The geometric series is as follows :
$$n/2^n$$
I am using the ratio test therefore comparing : $$(n+1/2^{n+1})/ (n/2^n)$$
my next line of work is :
$$(n+1/2^{n+1}) * (2^n/n)$$
however I am not familiar with multiplying fractions of this sort, so cannot continue.
my tutor has the next line as .. $$Un+1/Un = (n+1/n) * (1/2)$$
which I do not understand.
Please could someone explain the steps to me in layman's terms so I can deduce an answer.
Any help is appreciated.
On
Your expression for the ratio (which is correct) is $((n+1)/2^{n+1})\cdot(2^n/n)$, which equals $((n+1)/n)\cdot (2^n/2^{n+1})$. Now, $2^n/2^{n+1}={1\over 2}$, and $(n+1)/n=1+1/n$. Your expression for the ratio therefore simplifies to $(1+1/n)\cdot {1\over 2}$. This ratio is $<1$ for sufficiently large $n$. Indeed, $n\ge2$ works since we get that the ratio is $\le (1+1/2)\cdot {1\over 2}={3\over 4}$. Thus, the series converges.

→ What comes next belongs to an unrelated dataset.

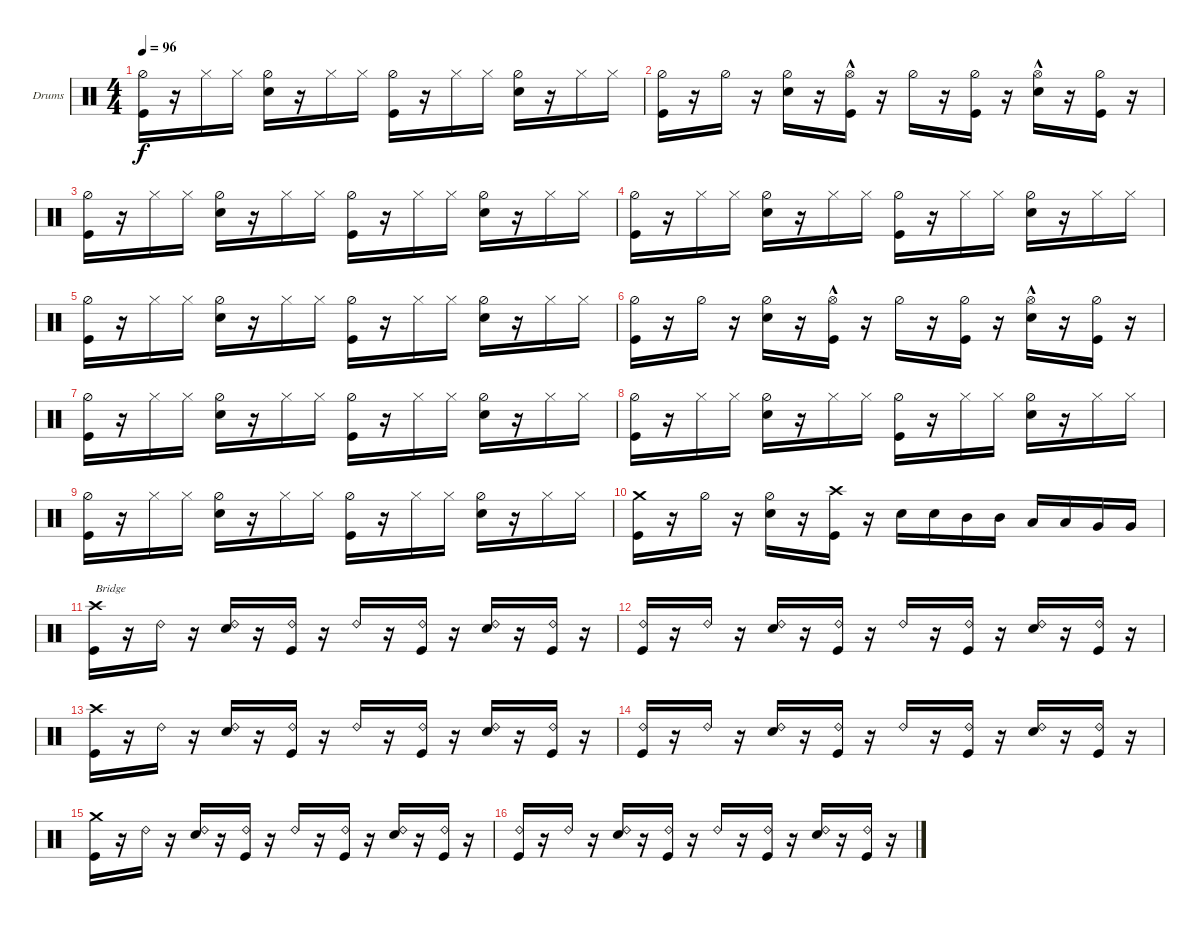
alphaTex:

As regards your tutor's expression, I don't get it either; as noted above, the correct expression would be $(1+1/n)\cdot {1\over 2}$, and $(n+1/n)\cdot {1\over 2}$ is in error.
$$\frac{n+1}{2^{n+1}}\cdot\frac{2^n}n =\frac{n+1}n\cdot\frac{2^n}{2^{n+1}}=\frac{n+1}n\cdot\frac{2^n}{2^n\cdot 2}=\frac{n+1}n\cdot\frac12.$$